### [Information]

━━━━━━━━━━━━━━━━━━━━

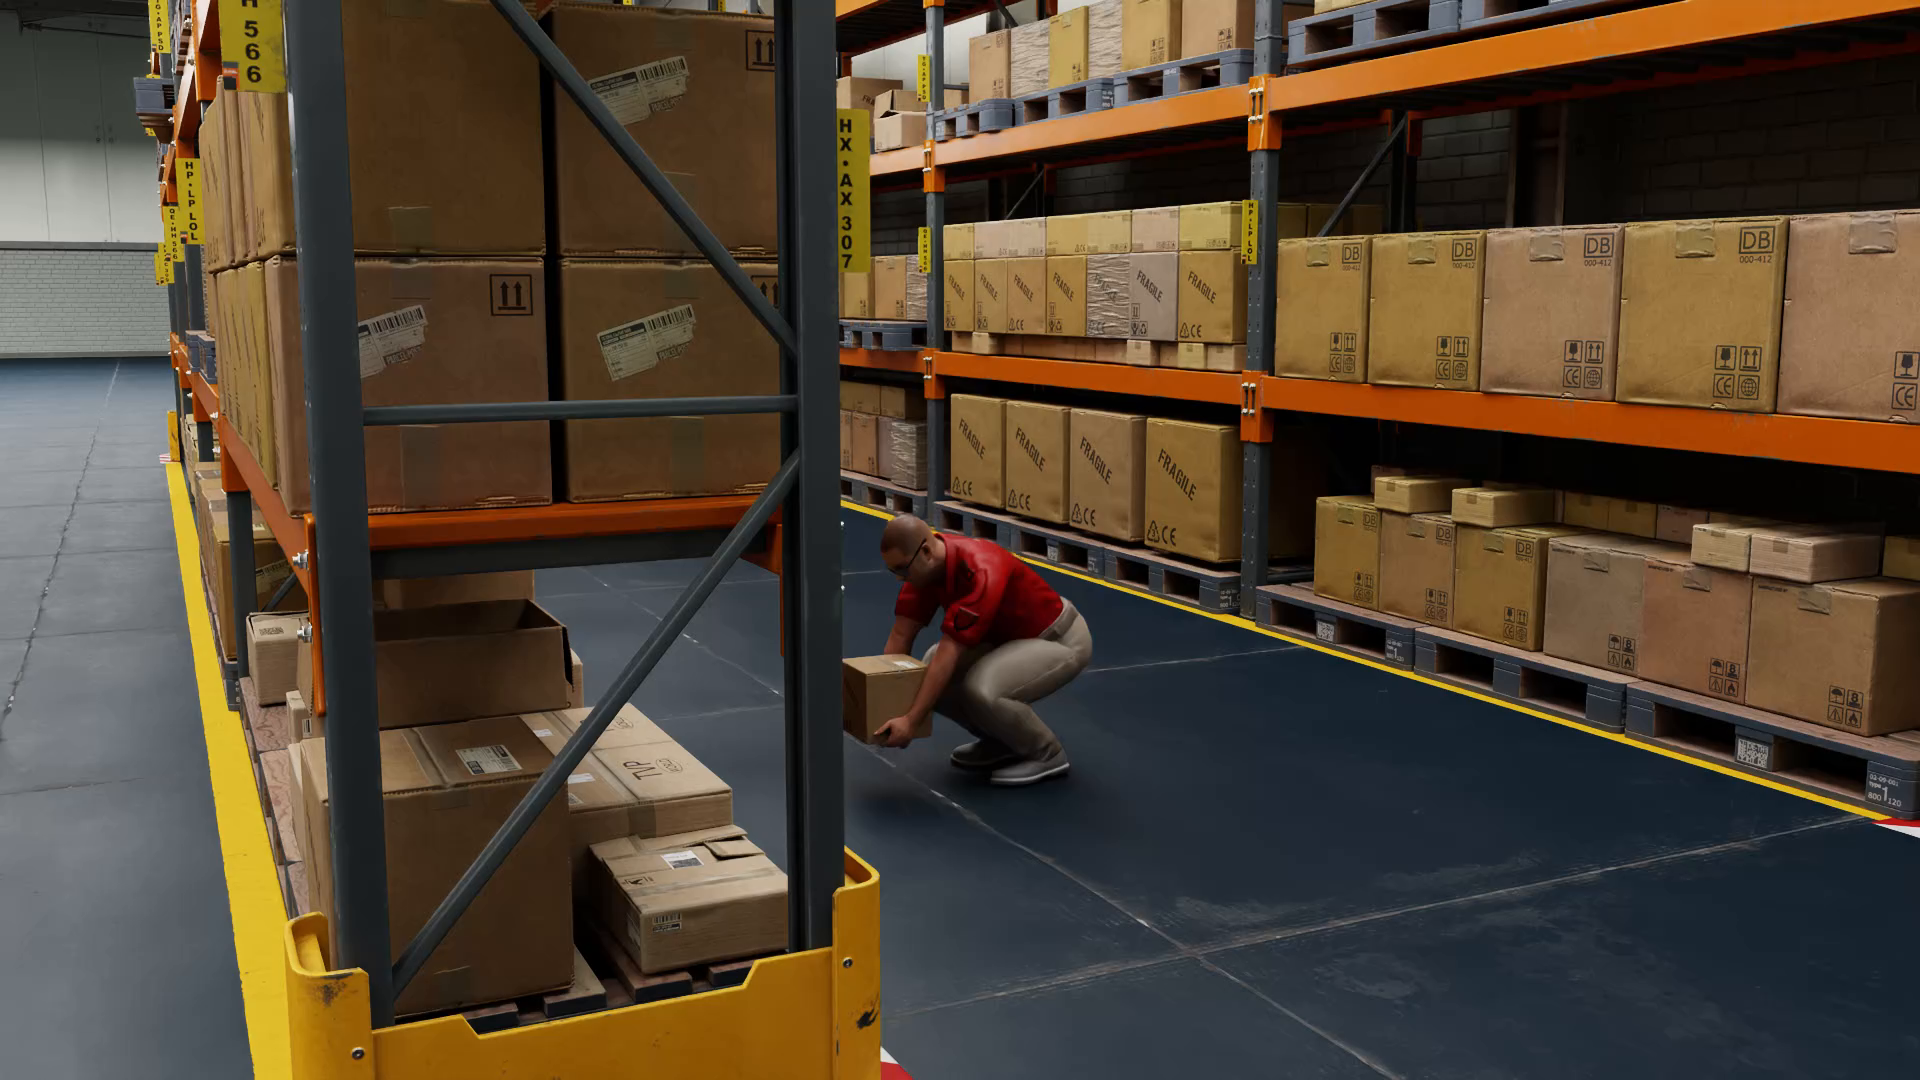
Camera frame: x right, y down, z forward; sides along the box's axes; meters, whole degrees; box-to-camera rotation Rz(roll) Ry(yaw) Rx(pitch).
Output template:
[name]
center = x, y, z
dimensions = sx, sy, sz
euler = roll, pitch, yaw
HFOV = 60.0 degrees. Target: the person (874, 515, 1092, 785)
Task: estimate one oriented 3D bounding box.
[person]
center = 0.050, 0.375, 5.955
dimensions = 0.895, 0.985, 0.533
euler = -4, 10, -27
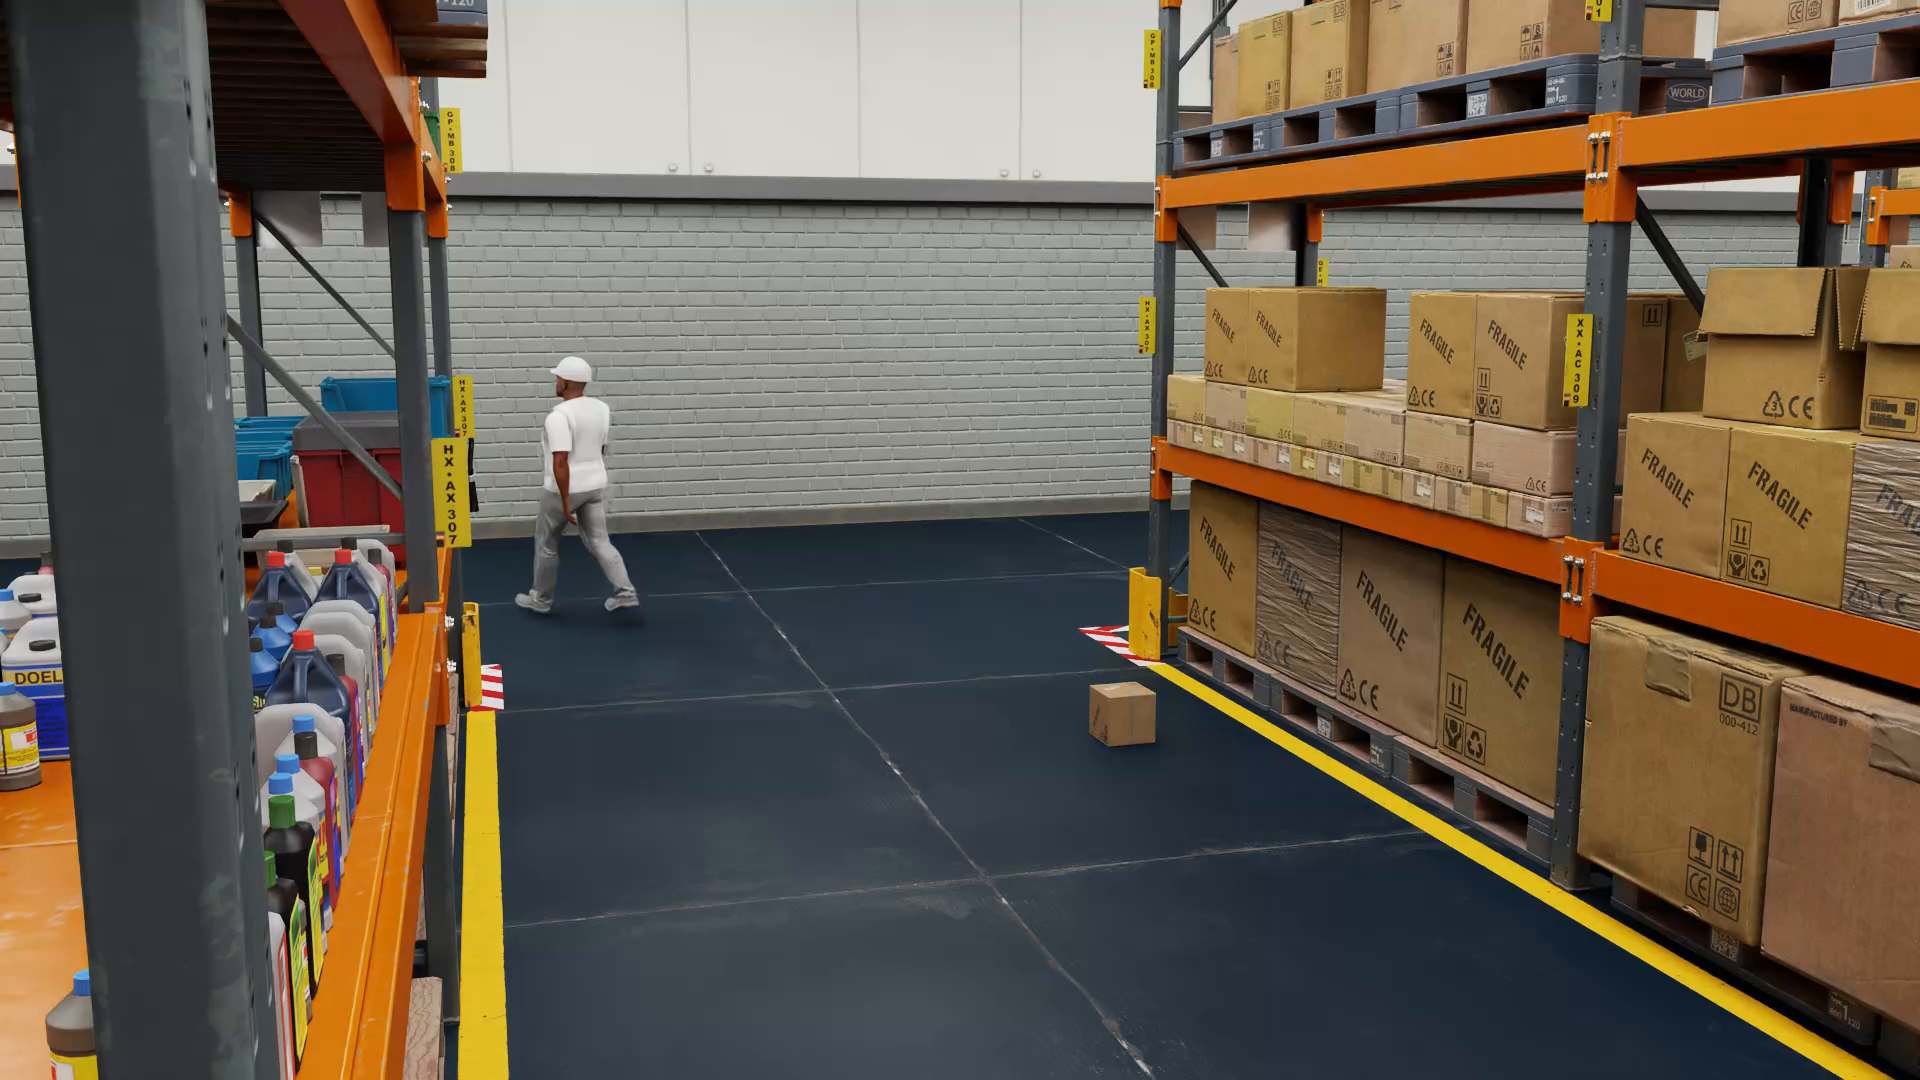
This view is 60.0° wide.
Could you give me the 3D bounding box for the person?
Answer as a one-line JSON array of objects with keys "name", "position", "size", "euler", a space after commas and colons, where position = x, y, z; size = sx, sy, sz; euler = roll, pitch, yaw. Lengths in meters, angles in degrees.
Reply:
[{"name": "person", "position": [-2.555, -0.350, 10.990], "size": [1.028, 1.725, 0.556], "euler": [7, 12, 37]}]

━━━━━━━━━━━━━━━━━━━━

### [Required work]
In your copy of the listing above, reproduce each line exactly and omit all pictures.

### [Result]
Camera frame: x right, y down, z forward; sides along the box's axes; meters, whole degrees; box-to-camera rotation Rz(roll) Ry(yaw) Rx(pitch).
Output template:
[name]
center = x, y, z
dimensions = sx, sy, sz
euler = roll, pitch, yaw
HFOV = 60.0 degrees. Target: the person (874, 515, 1092, 785)
Task: estimate one oriented 3D bounding box.
[person]
center = 0.050, 0.375, 5.955
dimensions = 0.895, 0.985, 0.533
euler = -4, 10, -27
This view is 60.0° wide.
Could you give me the 3D bounding box for the person?
Answer as a one-line JSON array of objects with keys "name", "position", "size", "euler", a space after commas and colons, where position = x, y, z; size = sx, sy, sz; euler = roll, pitch, yaw. Lengths in meters, angles in degrees.
Reply:
[{"name": "person", "position": [-2.555, -0.350, 10.990], "size": [1.028, 1.725, 0.556], "euler": [7, 12, 37]}]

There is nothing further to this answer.